With Matsu, I'm struck by the intervention of the supernatural in daily life, the moment when one person on shore had, through longing, prayer, meditation, desperation or just luck, the power to save others. How might it feel to step outside nature like that, and what might the potential cost be? Then, as I said in my prompt, there's the imagery of sea and storm.


For a goddess of frost and snow, the colour association for Ch'ing-nü seems quite unclear. Is she the Dark Maid, the Blue Lady, the Green Girl or the Grey Woman? A case could be made for any of them. Frost and snow are ambiguous imagery: symbols of purity and beauty, but also of death and suffering. Mentioned in conjunction with Autumn, Ch'ing-nü shares the ambivalence of the season - the excessive heat of summer is over, and the nip of frost in the air encourages an autumnal bounty of fruit and nuts, but heralds also the hardships and scarcity of winter. Or, of course, there’s this poem of Li Shang-yin's:
First calls of the migrant geese, no more cicadas.
South of this hundred-foot tower the water runs straight to the sky.
The Dark maid and the White Beauty endure the cold together,
Rivals in elegance amid the frost on the moon.
Li Shang-Yin, trans A.C. Graham

As soon as the migrant wild geese are heard, the cicadas are silent;
The hundred-foot tower overlooks the water that touches the sky.
The Blue Maid and the White Lady both can endure the cold:
The one in the moon, the other in the frost, they compete in beauty.
trans James J.Y. Liu

There isn't much I can find about Ch’ing-nü in English, so I’ve gathered together what scraps I could find and listed them here for you (sadly even fewer than last year, as several links are now dead):
Poem by Du Fu, scroll down fro Autumn Fields No. 4, and accompanying note.
Yang Yi's poem on the peach tree, and accompanying description in The Literary Works of Ou-yang Hsui (1007-72) by Ronald C. Egan (If you can't access Google Books, the relevant line is translated as "The dark maid of nine-autumn enhances the flavour with frost", and Egan adds "The dark maid (‘ch'ing-nü') of line five is the frost goddess, and ‘nine-autumn' alludes to the ninety days of that season."
Wucai cup inscribed with a poem by Luoyin
Poem by Hanshan, scroll down for No. 115 and accompanying note.
Poem by Qian Qianyi
redsnake05: pensive lady in traditional asian art (Sad: Pensive lady)

From: [personal profile] redsnake05

I'm sorry you can't squeeze this in. I was even planning to offer it this year, having done some thinking about it since you requested it last year! But there's always 2017, right?
redsnake05: pensive lady in traditional asian art (Sad: Pensive lady)

From: [personal profile] redsnake05

*nods* life is difficult that way, especially at yuletide. I didn't mean to make things more difficult, though, and even if I did offer we might not be matched, so I will maybe just have to hold onto my inspiration for 2017.
redsnake05: pensive lady in traditional asian art (Sad: Pensive lady)
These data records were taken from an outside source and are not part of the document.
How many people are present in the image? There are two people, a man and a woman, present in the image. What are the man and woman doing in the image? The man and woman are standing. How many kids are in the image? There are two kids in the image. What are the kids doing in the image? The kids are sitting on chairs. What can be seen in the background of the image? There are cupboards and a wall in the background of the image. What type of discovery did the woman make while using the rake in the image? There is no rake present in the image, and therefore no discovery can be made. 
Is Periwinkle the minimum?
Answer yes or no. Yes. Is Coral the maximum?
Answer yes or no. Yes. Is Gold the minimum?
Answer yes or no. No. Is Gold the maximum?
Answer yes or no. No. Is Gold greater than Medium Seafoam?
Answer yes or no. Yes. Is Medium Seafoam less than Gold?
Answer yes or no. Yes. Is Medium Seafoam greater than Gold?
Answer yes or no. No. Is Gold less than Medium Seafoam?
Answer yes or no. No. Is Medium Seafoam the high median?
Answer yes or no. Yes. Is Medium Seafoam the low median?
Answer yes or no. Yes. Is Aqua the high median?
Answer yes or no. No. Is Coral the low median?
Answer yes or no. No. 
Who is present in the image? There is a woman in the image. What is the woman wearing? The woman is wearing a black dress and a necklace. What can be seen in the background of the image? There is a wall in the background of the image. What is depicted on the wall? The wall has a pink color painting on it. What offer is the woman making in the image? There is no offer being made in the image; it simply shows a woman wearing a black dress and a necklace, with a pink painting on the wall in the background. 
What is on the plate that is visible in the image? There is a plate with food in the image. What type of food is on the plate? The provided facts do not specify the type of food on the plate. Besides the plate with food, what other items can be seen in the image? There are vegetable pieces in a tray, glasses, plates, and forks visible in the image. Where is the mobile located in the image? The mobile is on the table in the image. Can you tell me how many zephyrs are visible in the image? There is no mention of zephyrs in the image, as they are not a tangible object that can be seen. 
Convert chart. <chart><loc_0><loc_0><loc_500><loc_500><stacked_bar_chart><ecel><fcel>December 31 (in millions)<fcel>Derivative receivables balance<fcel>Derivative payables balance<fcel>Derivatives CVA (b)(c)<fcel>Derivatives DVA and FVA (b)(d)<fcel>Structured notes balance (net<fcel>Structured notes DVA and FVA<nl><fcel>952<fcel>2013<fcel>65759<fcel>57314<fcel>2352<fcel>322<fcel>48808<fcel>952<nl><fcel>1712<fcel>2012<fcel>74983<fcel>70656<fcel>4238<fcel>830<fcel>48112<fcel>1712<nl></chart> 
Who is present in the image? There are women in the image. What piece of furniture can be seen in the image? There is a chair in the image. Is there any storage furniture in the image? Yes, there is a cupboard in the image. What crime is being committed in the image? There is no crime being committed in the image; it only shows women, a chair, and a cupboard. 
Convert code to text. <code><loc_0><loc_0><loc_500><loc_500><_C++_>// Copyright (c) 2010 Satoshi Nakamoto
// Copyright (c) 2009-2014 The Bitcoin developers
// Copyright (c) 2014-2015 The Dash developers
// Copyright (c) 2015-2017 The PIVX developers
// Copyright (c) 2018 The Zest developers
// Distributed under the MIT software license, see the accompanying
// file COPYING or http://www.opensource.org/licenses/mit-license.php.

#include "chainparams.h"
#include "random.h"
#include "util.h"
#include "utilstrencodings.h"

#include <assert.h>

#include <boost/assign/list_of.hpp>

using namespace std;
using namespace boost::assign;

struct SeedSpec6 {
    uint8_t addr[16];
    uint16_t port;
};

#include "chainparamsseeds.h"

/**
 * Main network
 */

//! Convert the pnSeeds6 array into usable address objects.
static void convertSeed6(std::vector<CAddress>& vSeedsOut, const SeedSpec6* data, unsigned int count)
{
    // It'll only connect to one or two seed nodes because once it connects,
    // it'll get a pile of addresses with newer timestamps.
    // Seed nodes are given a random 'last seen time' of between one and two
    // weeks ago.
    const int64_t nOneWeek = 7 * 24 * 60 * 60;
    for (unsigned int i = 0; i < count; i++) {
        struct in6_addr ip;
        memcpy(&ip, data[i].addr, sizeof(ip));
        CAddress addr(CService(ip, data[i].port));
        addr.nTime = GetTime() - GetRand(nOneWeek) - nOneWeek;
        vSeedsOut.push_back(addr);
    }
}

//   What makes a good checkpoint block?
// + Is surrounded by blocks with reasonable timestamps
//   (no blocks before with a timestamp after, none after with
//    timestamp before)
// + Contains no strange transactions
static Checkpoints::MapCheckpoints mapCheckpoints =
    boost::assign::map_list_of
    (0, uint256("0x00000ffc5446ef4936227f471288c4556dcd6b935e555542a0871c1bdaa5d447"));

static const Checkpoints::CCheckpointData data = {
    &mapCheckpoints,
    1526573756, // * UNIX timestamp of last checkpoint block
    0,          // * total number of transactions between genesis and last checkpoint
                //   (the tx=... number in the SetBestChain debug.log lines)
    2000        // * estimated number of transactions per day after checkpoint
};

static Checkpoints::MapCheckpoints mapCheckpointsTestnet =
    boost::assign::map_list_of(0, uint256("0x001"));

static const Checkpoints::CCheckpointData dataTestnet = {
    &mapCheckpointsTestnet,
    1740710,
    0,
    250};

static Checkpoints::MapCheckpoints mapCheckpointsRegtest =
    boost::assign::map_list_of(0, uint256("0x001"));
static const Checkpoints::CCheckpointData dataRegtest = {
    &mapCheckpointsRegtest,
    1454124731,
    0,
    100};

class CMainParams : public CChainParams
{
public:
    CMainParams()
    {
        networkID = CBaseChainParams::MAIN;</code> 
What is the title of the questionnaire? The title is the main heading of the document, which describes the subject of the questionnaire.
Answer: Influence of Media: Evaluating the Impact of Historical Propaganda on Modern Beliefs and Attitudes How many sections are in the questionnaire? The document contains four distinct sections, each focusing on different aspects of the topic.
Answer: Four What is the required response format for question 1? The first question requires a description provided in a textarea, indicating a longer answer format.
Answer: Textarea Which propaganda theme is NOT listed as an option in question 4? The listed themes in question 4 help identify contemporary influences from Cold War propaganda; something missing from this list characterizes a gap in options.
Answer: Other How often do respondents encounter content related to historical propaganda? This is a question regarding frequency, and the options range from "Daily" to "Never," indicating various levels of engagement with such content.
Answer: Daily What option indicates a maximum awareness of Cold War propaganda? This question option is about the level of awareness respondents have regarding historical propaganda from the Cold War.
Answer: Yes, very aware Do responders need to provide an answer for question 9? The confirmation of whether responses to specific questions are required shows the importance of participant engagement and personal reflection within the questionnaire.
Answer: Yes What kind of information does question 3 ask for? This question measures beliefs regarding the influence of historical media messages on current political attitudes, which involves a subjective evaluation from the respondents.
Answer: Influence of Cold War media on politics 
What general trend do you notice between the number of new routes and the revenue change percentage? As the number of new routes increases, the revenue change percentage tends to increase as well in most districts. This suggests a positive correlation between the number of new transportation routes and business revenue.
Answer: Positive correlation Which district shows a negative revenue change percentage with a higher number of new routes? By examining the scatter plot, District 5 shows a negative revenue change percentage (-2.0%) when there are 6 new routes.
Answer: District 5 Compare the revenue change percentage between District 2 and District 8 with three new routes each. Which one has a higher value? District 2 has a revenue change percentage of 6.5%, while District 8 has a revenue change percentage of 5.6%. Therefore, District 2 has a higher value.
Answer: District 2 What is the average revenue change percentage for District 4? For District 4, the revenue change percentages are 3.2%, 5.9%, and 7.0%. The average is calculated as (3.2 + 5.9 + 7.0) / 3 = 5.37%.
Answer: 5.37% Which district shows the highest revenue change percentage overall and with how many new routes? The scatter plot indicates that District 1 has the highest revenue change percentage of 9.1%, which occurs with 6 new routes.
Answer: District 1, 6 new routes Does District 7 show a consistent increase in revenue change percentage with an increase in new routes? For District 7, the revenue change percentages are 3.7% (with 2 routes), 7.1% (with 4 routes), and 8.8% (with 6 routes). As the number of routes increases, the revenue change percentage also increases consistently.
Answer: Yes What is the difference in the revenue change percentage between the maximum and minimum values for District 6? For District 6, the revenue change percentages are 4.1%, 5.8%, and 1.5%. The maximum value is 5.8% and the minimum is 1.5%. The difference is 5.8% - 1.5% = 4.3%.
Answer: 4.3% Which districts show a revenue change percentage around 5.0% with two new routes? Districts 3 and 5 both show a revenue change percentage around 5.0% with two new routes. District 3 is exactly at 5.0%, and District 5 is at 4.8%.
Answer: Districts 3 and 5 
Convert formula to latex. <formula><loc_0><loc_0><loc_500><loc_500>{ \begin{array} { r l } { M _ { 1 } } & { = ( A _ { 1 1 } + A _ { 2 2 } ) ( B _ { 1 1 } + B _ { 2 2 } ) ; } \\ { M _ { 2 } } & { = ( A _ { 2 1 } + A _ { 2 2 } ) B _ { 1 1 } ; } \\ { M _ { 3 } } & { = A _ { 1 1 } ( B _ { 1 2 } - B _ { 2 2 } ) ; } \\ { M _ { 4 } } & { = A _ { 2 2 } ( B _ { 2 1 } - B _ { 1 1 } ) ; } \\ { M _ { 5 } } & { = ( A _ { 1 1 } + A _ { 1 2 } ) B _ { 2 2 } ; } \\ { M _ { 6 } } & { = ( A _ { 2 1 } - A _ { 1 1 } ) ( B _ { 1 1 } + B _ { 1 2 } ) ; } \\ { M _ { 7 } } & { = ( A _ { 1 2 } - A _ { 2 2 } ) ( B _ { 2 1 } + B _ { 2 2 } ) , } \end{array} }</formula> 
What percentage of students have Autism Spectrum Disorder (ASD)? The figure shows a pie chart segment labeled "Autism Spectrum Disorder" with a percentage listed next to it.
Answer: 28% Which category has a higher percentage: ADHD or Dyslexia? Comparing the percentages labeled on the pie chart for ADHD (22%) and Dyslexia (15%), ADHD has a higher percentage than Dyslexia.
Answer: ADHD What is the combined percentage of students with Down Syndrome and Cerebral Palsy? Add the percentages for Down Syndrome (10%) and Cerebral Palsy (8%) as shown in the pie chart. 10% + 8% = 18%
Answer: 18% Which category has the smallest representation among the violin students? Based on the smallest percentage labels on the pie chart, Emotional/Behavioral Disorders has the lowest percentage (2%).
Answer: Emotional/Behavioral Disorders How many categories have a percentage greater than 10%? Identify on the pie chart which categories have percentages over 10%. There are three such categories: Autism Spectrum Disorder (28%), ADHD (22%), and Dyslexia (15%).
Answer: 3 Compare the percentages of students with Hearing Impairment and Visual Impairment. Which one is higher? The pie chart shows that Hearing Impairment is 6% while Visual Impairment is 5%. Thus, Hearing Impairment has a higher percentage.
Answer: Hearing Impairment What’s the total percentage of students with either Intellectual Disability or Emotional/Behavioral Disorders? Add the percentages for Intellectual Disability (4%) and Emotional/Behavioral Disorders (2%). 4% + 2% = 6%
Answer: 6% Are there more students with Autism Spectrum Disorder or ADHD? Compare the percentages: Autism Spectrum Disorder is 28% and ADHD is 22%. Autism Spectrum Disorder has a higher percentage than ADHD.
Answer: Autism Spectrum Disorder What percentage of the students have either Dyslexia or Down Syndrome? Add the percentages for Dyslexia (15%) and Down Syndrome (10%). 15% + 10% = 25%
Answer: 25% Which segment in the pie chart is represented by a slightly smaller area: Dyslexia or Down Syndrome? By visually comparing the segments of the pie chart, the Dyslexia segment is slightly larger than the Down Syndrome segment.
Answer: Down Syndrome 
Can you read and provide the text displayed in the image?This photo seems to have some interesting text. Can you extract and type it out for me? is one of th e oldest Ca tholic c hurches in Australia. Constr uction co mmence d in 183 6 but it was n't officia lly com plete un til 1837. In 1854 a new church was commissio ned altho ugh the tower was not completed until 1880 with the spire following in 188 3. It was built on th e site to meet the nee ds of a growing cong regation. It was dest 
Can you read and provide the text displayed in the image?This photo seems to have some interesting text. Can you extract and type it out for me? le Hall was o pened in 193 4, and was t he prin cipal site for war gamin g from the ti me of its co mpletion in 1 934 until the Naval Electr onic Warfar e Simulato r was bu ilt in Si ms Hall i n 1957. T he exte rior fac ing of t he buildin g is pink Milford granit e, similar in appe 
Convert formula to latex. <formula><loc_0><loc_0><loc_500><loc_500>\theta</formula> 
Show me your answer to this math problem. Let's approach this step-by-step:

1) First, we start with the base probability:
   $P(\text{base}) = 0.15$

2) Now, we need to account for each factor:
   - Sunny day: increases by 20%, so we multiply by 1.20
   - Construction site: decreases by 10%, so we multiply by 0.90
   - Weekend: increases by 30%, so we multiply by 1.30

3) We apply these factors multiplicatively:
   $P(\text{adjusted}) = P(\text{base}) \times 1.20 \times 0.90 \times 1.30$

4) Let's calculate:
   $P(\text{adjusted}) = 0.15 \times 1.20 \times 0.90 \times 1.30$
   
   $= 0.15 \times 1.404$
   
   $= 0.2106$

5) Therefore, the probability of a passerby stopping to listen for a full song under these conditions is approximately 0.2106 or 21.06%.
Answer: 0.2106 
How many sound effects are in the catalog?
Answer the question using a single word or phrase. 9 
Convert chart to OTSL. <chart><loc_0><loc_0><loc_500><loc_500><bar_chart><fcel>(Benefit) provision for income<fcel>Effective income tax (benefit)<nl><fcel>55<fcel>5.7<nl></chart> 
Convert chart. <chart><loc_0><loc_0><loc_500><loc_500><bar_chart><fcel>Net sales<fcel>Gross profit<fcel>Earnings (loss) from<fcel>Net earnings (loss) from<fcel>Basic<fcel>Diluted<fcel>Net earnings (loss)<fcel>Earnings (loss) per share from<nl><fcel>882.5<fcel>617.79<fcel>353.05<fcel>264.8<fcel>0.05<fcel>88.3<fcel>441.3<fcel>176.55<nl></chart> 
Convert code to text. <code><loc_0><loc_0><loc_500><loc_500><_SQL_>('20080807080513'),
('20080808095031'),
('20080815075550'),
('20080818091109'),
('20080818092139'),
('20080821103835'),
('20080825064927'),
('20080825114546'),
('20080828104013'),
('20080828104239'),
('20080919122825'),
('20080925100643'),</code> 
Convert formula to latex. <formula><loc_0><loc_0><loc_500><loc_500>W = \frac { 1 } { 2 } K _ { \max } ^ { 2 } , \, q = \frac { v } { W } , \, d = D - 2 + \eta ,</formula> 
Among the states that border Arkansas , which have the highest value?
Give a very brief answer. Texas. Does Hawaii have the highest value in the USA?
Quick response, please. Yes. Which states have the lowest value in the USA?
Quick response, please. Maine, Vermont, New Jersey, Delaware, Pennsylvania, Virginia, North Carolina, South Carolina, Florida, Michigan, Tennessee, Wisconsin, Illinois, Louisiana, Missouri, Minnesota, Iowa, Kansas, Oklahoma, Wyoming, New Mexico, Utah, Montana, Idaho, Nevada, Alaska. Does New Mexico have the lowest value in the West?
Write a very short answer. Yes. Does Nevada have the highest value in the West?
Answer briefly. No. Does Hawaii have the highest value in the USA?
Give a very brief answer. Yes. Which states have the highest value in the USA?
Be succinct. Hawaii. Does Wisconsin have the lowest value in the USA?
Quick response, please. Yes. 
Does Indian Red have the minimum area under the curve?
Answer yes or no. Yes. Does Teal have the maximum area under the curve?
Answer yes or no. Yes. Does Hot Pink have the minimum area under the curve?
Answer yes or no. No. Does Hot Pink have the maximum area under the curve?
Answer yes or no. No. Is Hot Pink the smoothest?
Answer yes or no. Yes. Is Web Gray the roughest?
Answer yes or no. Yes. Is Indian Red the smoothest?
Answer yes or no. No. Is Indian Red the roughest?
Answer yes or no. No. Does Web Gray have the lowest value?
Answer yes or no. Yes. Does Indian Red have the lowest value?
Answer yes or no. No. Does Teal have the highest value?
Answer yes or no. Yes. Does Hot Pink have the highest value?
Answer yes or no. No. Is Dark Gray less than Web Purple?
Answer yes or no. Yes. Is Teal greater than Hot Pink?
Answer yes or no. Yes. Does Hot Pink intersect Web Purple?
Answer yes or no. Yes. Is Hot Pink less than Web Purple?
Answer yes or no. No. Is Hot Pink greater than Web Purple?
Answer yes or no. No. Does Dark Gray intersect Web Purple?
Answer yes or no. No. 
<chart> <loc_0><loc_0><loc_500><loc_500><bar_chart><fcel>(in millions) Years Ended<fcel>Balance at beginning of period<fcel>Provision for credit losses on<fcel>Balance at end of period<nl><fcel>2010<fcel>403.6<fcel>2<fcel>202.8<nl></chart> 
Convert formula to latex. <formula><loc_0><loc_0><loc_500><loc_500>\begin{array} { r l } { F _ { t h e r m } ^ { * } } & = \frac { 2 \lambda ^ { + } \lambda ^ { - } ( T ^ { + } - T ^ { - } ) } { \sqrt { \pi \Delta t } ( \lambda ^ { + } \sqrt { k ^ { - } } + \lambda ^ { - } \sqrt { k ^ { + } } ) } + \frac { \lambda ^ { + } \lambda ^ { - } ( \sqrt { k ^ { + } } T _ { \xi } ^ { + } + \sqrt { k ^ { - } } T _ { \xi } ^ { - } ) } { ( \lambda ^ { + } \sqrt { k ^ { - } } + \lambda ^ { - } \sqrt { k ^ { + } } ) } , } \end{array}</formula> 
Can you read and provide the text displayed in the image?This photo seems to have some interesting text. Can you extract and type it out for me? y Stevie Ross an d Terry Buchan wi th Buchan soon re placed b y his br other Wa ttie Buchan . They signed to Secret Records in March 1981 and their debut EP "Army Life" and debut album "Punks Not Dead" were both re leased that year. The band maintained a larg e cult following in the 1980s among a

From: [personal profile] redsnake05

I have been very disciplined about the things I want to request and have kept it down to four. This involved a lot of avoiding looking at the tag set and not going near any canon rec posts, but I managed. I'm very impressed with myself. I sometimes get a similar feeling to you, with just not having enough things I'm really, really excited about, but this year I think I've got a good balance.

There are lots of things I want to offer, though. I will be really spoiled for choice on that end of things, which bodes well for my treating options. Even though one of my requests is in a pretty yuletide-popular fandom, I won't be offering that, and I'm pretty excited about the possibilities for matching. I'm just finishing up a fic for another holiday exchange, so if there is time between edits on that and assignments going out, I'm going to try to squeeze in a treat then.
redsnake05: Temple roof with a dragon on it seen against the sunset (General: Dragon temple roof)

From: [personal profile] redsnake05

No, I signed up for [livejournal.com profile] hoggywartyxmas, which is a tiny little HP exchange focused on the professors and older characters from HP. I participated a few years ago and got a delightful little Irma Pince fic, and I'm really looking forward to it. It's pretty nostalgic, doing an exchange on LJ with, like, 30 participants.

I hate it when you're struggling against the tide with an assignment and somehow there are so many delightful treat opportunities tempting you! I feel your pain, and I hope your assignment takes a sharp turn for the easier and gets finished quickly.

Oooh, now I'm busily trying to guess which two you are familiar with! Don't tell me, though, at least not until after yuletide. I'm glad you like the letter, though. I've never had problems having ideas and enthusiasm for things like prompts, and I'm glad it comes through. It's only when I get a request from someone else that I sometimes dry up with ideas. Typical. I'm looking forward to your letter too.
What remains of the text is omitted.